-- REQUIRED WORK --
Search the records for the word "drawing" and report each line that has it.

-- DATA SHOWN --
*** Begin section ***

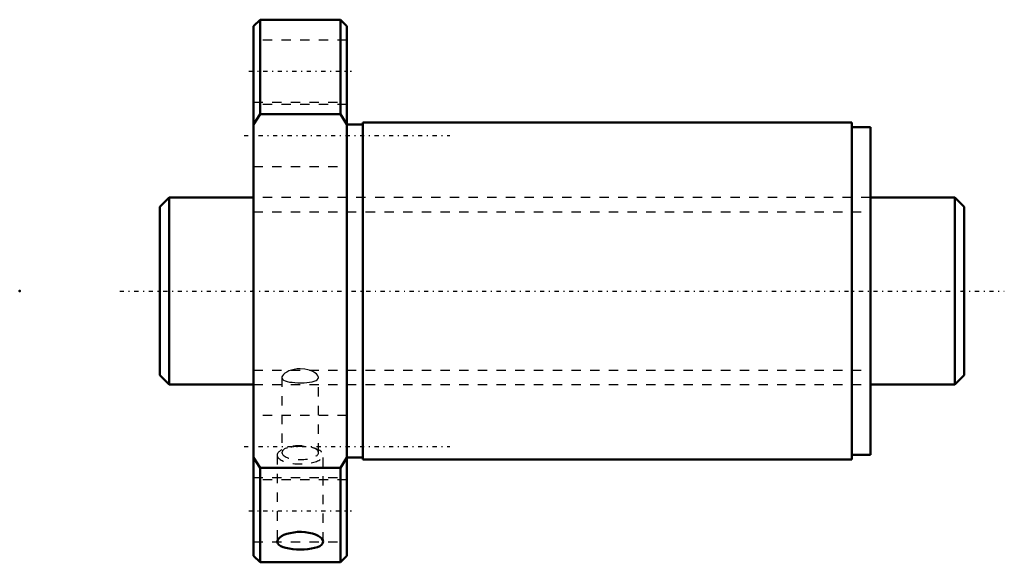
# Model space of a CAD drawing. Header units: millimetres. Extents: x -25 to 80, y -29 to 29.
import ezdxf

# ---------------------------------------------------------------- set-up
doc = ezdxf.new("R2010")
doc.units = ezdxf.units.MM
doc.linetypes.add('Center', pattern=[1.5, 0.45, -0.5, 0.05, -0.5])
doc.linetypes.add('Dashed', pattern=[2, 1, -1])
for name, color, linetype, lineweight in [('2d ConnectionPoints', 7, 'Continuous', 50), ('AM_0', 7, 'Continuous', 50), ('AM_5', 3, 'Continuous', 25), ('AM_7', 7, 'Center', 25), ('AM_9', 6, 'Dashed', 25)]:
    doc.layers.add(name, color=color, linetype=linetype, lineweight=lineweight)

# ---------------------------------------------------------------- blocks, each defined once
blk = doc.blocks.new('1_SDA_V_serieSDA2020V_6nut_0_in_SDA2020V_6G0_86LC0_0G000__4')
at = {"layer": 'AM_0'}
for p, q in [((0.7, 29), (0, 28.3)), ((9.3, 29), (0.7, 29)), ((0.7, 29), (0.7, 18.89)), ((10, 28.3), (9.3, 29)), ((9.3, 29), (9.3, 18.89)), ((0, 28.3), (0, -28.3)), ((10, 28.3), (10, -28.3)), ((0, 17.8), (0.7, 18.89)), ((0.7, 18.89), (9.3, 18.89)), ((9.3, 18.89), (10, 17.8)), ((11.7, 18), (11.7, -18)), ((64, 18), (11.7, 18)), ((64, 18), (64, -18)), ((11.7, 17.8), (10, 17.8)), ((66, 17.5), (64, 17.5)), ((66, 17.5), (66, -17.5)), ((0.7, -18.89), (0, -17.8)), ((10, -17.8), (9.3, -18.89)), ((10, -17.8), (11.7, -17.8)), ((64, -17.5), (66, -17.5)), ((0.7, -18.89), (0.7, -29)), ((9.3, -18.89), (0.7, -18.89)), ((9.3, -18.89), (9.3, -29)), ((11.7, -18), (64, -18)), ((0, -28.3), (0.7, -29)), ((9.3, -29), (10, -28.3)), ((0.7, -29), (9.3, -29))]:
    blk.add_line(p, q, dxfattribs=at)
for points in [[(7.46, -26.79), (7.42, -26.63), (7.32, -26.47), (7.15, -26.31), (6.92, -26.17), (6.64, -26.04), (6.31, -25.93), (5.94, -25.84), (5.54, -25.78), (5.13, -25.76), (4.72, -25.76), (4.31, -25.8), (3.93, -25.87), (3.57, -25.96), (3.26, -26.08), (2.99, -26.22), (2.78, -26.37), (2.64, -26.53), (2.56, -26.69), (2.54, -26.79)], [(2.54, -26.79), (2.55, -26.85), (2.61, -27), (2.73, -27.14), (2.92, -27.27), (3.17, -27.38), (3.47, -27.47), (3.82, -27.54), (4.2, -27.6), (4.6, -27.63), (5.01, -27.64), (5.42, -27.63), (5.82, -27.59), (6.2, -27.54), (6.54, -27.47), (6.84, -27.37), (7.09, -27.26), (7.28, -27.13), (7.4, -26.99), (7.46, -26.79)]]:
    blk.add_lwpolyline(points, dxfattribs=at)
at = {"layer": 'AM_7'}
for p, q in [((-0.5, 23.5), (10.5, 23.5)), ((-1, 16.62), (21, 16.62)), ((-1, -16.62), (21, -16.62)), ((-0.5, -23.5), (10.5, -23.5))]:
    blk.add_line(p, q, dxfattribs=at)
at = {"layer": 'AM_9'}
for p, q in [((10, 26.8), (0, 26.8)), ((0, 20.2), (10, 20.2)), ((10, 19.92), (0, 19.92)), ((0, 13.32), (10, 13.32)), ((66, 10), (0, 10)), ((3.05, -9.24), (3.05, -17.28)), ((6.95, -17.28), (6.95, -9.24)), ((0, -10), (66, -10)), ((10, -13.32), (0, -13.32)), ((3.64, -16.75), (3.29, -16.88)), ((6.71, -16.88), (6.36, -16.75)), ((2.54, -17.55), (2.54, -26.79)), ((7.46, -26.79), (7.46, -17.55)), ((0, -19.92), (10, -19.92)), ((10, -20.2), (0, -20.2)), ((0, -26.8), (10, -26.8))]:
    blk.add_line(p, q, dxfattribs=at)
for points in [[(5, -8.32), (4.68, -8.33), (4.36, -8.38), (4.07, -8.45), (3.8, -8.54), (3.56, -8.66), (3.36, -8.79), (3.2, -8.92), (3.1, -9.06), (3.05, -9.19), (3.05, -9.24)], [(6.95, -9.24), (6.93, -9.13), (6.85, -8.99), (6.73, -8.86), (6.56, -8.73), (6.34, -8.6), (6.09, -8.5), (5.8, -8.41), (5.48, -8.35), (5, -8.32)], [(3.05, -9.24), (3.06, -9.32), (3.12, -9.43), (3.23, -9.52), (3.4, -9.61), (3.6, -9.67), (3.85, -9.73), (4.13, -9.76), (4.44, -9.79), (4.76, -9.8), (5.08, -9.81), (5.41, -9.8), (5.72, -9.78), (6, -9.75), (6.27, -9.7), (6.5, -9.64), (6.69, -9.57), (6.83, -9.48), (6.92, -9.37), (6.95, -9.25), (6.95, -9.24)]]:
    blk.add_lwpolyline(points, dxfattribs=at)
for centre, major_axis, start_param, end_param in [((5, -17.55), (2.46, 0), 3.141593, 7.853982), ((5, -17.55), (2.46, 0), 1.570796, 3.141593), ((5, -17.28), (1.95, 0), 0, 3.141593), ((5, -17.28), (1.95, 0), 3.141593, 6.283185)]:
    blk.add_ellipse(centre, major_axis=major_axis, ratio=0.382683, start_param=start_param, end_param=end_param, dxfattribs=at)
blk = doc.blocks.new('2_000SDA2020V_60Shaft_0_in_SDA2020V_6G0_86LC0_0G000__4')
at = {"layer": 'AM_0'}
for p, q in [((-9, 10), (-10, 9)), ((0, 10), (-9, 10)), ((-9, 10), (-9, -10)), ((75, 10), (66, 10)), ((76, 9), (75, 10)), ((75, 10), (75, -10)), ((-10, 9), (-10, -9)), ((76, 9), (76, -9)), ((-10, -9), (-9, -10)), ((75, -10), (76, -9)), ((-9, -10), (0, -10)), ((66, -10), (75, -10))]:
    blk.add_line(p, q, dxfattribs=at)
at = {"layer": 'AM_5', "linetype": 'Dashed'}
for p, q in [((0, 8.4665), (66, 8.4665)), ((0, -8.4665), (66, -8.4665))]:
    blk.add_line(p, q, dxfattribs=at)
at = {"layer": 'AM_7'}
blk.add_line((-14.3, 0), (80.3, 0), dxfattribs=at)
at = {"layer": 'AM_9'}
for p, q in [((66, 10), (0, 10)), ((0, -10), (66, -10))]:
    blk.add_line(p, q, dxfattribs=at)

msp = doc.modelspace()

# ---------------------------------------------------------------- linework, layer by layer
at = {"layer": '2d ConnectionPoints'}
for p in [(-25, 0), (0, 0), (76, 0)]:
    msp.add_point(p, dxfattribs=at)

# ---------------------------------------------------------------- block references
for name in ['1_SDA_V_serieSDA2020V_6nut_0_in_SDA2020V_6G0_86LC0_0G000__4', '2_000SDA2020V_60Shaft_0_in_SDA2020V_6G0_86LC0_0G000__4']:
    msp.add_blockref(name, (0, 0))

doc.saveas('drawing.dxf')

*** End section ***

-- RESPONSE TO THIS TASK --
# Model space of a CAD drawing. Header units: millimetres. Extents: x -25 to 80, y -29 to 29.
doc.saveas('drawing.dxf')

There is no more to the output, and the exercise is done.